Re: MAP_INPUT_RECORDS counter in the reducer

Posted by Shahab Yunus <sh...@gmail.com>.
Yes, you are correct that copying phase starts while the maps are running
and the reduce function is not called until everything is done but aren't
the Reduce tasks are also already 'initialized' at this point? Which, as
far as I know and might be wrong, will not have the map input records
counter (and was my point)?

Regards,
Shahab


On Tue, Sep 17, 2013 at 11:09 PM, Rahul Bhattacharjee <
rahul.rec.dgp@gmail.com> wrote:

> Shahab,
>
> One question - You mentioned - "In the normal configuration, the issue
> here is that Reducers can start before all the Maps have finished so it is
> not possible to get the number (or make sense of it even if you are able
> to,)"
>
> I think , reducers would start copying the data form the completed map
> tasks , but will not start the actual reduce process until data from all
> the mappers are pulled in.
>
> So , the call to the counter Yorn has made might work.If invoked from the
> reduce method.
>
> Thanks,
> Rahul
>
>
>
> On Wed, Sep 18, 2013 at 7:38 AM, java8964 java8964 <ja...@hotmail.com>wrote:
>
>> Or you do the calculation in the reducer close() method, even though I am
>> not sure in the reducer you can get the Mapper's count.
>>
>> But even you can't, here is what can do:
>> 1) Save the JobConf reference in your Mapper conf metehod
>> 2) Store the Map_INPUT_RECORDS counter in the configuration object as
>> your own properties, in the close() method of the mapper
>> 3) Retrieve that property in the reducer close() method, then you have
>> both numbers at that time.
>>
>> Yong
>>
>> ------------------------------
>> Date: Tue, 17 Sep 2013 09:49:06 -0400
>> Subject: Re: MAP_INPUT_RECORDS counter in the reducer
>> From: shahab.yunus@gmail.com
>> To: user@hadoop.apache.org
>>
>>
>> In the normal configuration, the issue here is that Reducers can start
>> before all the Maps have finished so it is not possible to get the number
>> (or make sense of it even if you are able to,)
>>
>> Having said that, you can specifically make sure that Reducers don't
>> start until all your maps have completed. It will of course slow down your
>> job. I don't know whether with this option it will work or not, but you can
>> try (until experts have some advise already.)
>>
>> Regards,
>> Shahab
>>
>>
>> On Tue, Sep 17, 2013 at 6:09 AM, Yaron Gonen <ya...@gmail.com>wrote:
>>
>> Hi,
>> Is there a way for the reducer to get the total number of input records
>> to the map phase?
>> For example, I want the reducer to normalize a sum by dividing it in the
>> number of records. I tried getting the value of that counter by using the
>> line:
>>
>> context.getCounter(Task.Counter.MAP_INPUT_RECORDS).getValue();
>>
>> in the reducer code, but I got 0.
>>
>> Thanks!
>> Yaron
>>
>>
>>
>

Re: MAP_INPUT_RECORDS counter in the reducer

Posted by Rahul Bhattacharjee <ra...@gmail.com>.
Shahab,

One question - You mentioned - "In the normal configuration, the issue here
is that Reducers can start before all the Maps have finished so it is not
possible to get the number (or make sense of it even if you are able to,)"

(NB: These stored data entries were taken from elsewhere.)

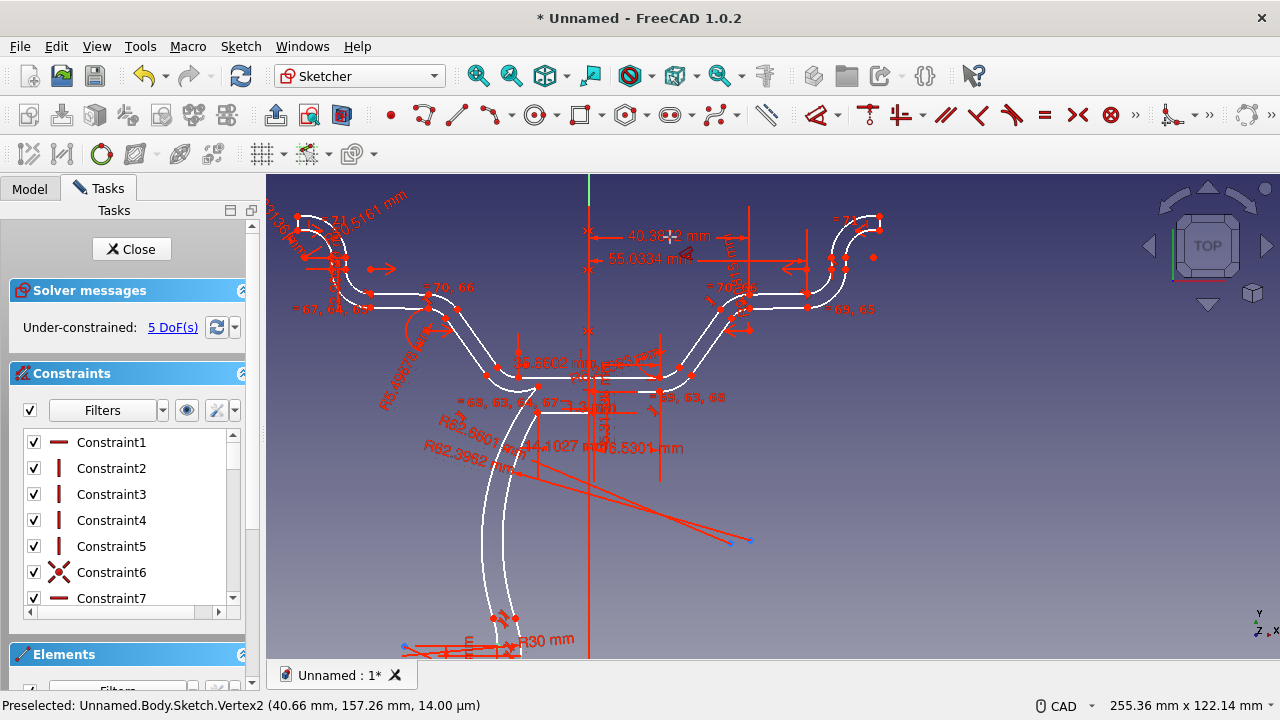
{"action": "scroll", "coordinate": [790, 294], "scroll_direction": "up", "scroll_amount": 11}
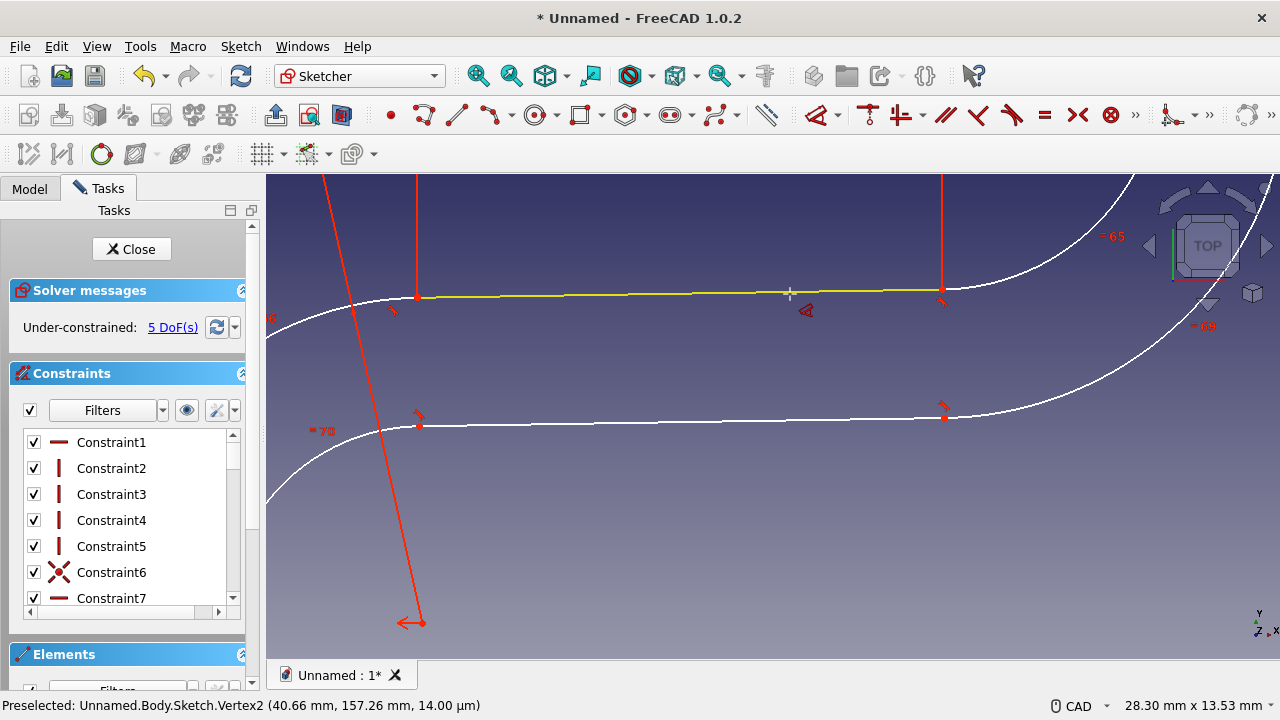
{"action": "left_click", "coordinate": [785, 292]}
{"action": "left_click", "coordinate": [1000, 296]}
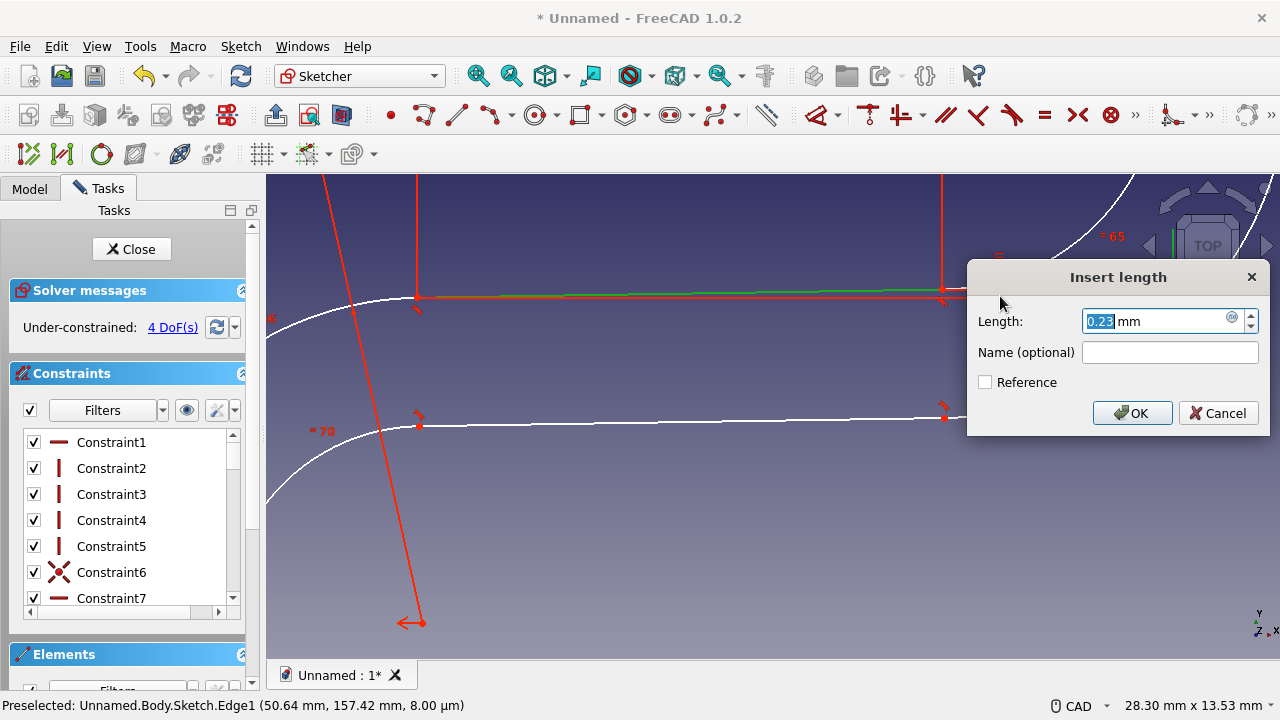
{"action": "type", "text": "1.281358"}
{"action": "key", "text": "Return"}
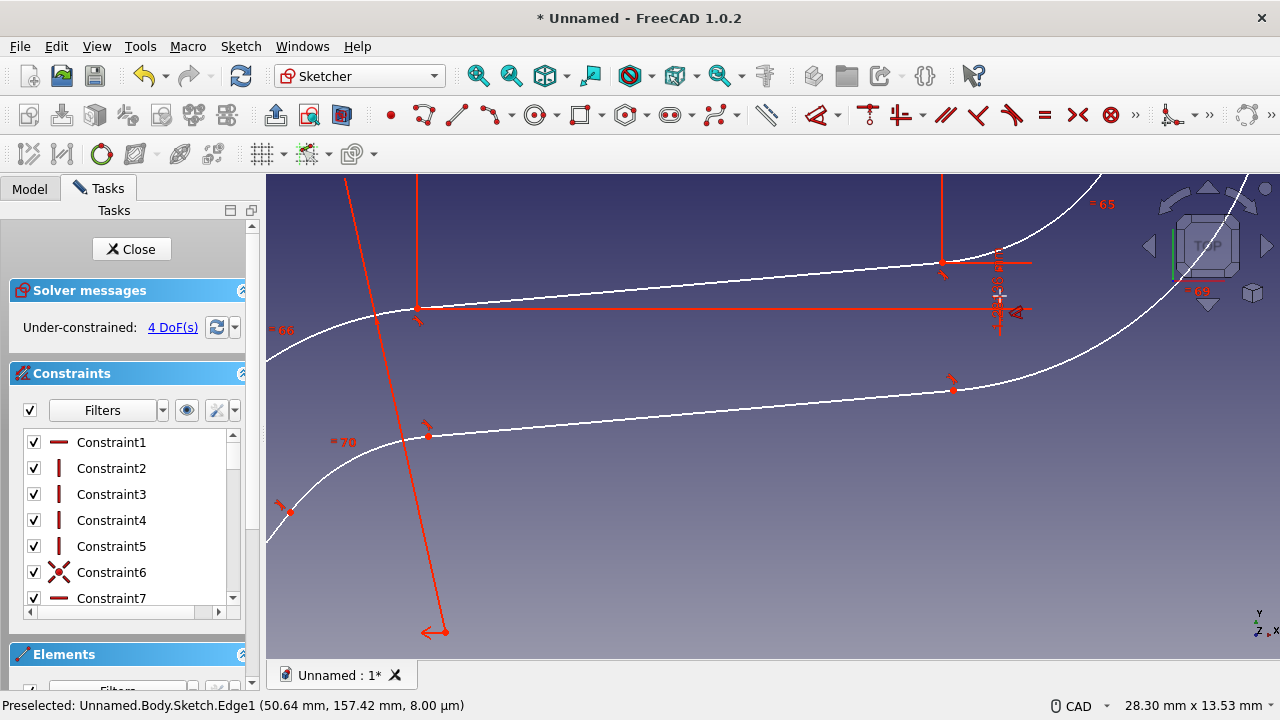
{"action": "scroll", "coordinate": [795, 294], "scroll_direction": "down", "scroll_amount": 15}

I think , reducers would start copying the data form the completed map
tasks , but will not start the actual reduce process until data from all
the mappers are pulled in.

So , the call to the counter Yorn has made might work.If invoked from the
reduce method.

Thanks,
Rahul



On Wed, Sep 18, 2013 at 7:38 AM, java8964 java8964 <ja...@hotmail.com>wrote:

> Or you do the calculation in the reducer close() method, even though I am
> not sure in the reducer you can get the Mapper's count.
>
> But even you can't, here is what can do:
> 1) Save the JobConf reference in your Mapper conf metehod
> 2) Store the Map_INPUT_RECORDS counter in the configuration object as your
> own properties, in the close() method of the mapper
> 3) Retrieve that property in the reducer close() method, then you have
> both numbers at that time.
>
> Yong
>
> ------------------------------
> Date: Tue, 17 Sep 2013 09:49:06 -0400
> Subject: Re: MAP_INPUT_RECORDS counter in the reducer
> From: shahab.yunus@gmail.com
> To: user@hadoop.apache.org
>
>
> In the normal configuration, the issue here is that Reducers can start
> before all the Maps have finished so it is not possible to get the number
> (or make sense of it even if you are able to,)
>
> Having said that, you can specifically make sure that Reducers don't start
> until all your maps have completed. It will of course slow down your job. I
> don't know whether with this option it will work or not, but you can try
> (until experts have some advise already.)
>
> Regards,
> Shahab
>
>
> On Tue, Sep 17, 2013 at 6:09 AM, Yaron Gonen <ya...@gmail.com>wrote:
>
> Hi,
> Is there a way for the reducer to get the total number of input records to
> the map phase?
> For example, I want the reducer to normalize a sum by dividing it in the
> number of records. I tried getting the value of that counter by using the
> line:
>
> context.getCounter(Task.Counter.MAP_INPUT_RECORDS).getValue();
>
> in the reducer code, but I got 0.
>
> Thanks!
> Yaron
>
>
>

Re: MAP_INPUT_RECORDS counter in the reducer

Posted by Rahul Bhattacharjee <ra...@gmail.com>.
Shahab,

One question - You mentioned - "In the normal configuration, the issue here
is that Reducers can start before all the Maps have finished so it is not
possible to get the number (or make sense of it even if you are able to,)"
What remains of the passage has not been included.